Weckruf an die Gesellschaft

Eine Studie aus Nordrhein-Westfalen bringt neue Erkenntnisse über Antisemitismus

Antisemitismus ist ein gesamtgesellschaftliches Problem – ein oft verwendeter Satz. Doch was genau meinen wir eigentlich damit? Zum einen beinhaltet der Satz die Aufforderung an jede und jeden Einzelnen unserer Gesellschaft, gegen Antisemitismus aufzustehen und aktiv vorzugehen. Die Bekämpfung des Antisemitismus ist nicht die Aufgabe von Jüdinnen und Juden, sondern von uns allen. Denn Antisemitismus ist mit unseren liberalen demokratischen Werten nicht vereinbar.
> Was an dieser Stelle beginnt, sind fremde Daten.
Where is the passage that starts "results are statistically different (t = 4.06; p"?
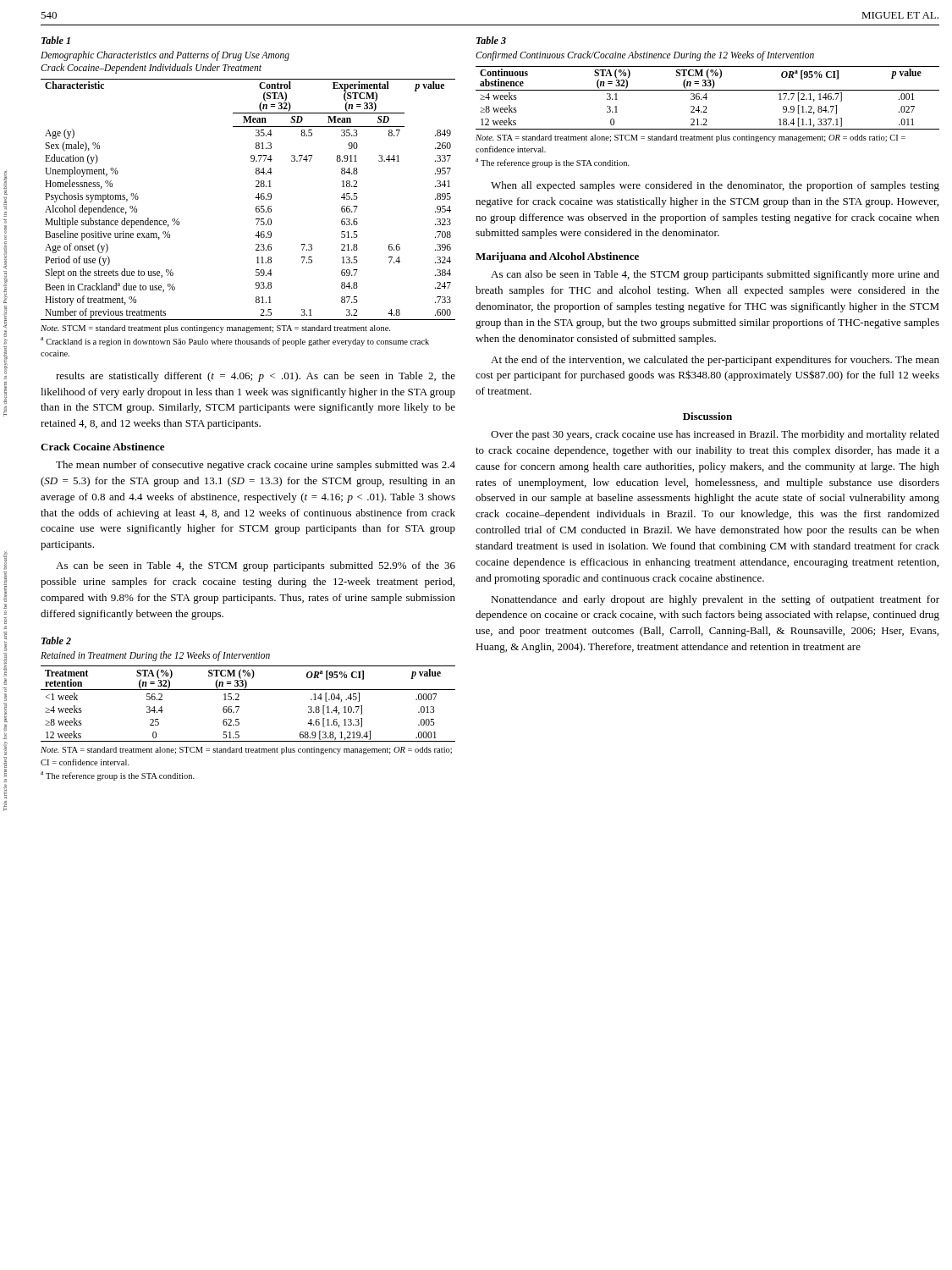This screenshot has width=952, height=1270. 248,399
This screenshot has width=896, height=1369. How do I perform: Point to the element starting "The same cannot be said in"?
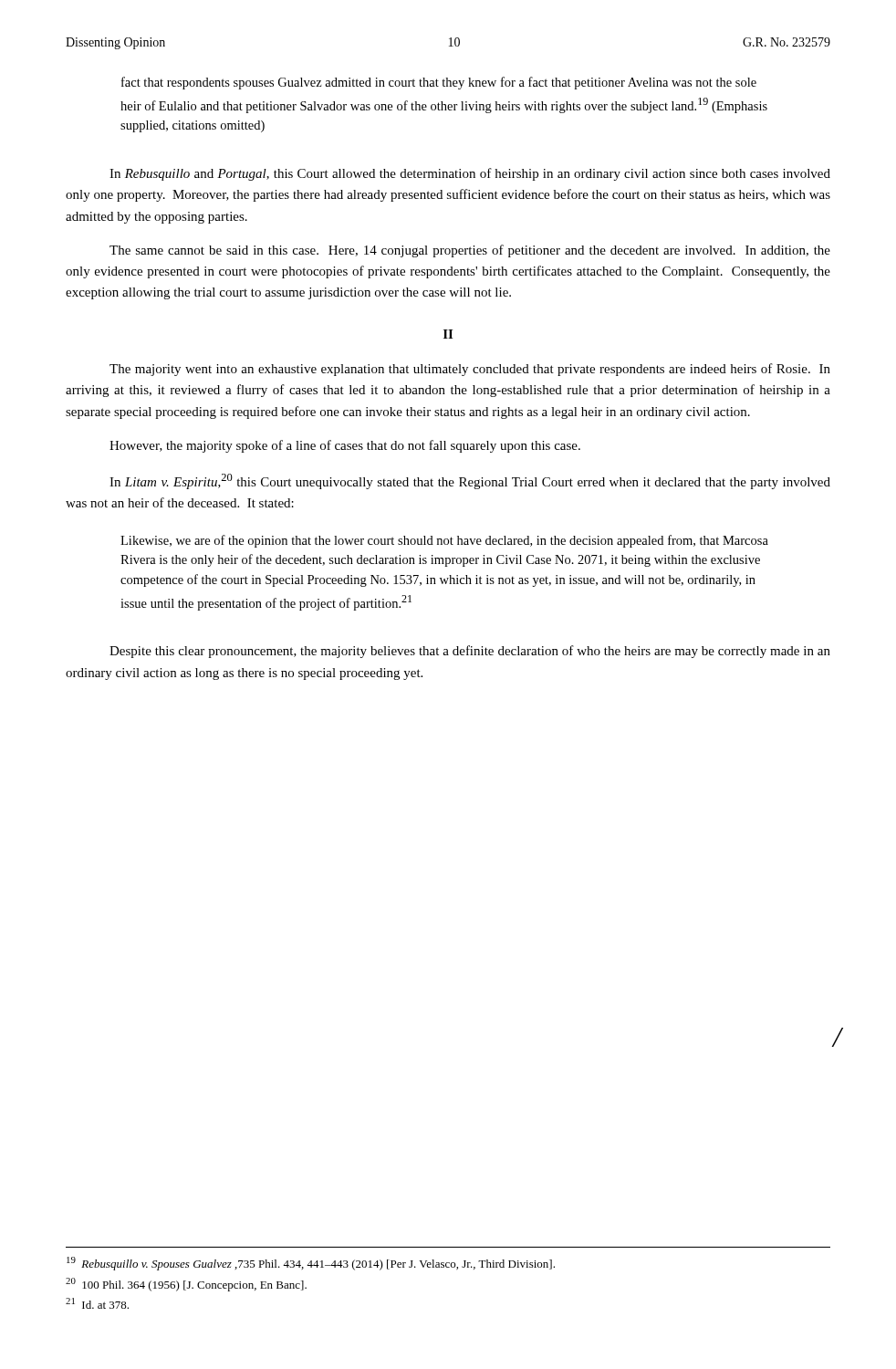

Er verletzt die Menschenwürde, das höchste Gut unseres Zusammenlebens. Wenn Menschen Angst haben, offen auf der Straße religiöse Symbole zu tragen, hebräisch zu sprechen oder ihre Kinder nicht mehr in Schulen und Kindergärten schicken, ist dies im negativen Sinne ein Gradmesser des Zustandes unserer Demokratie.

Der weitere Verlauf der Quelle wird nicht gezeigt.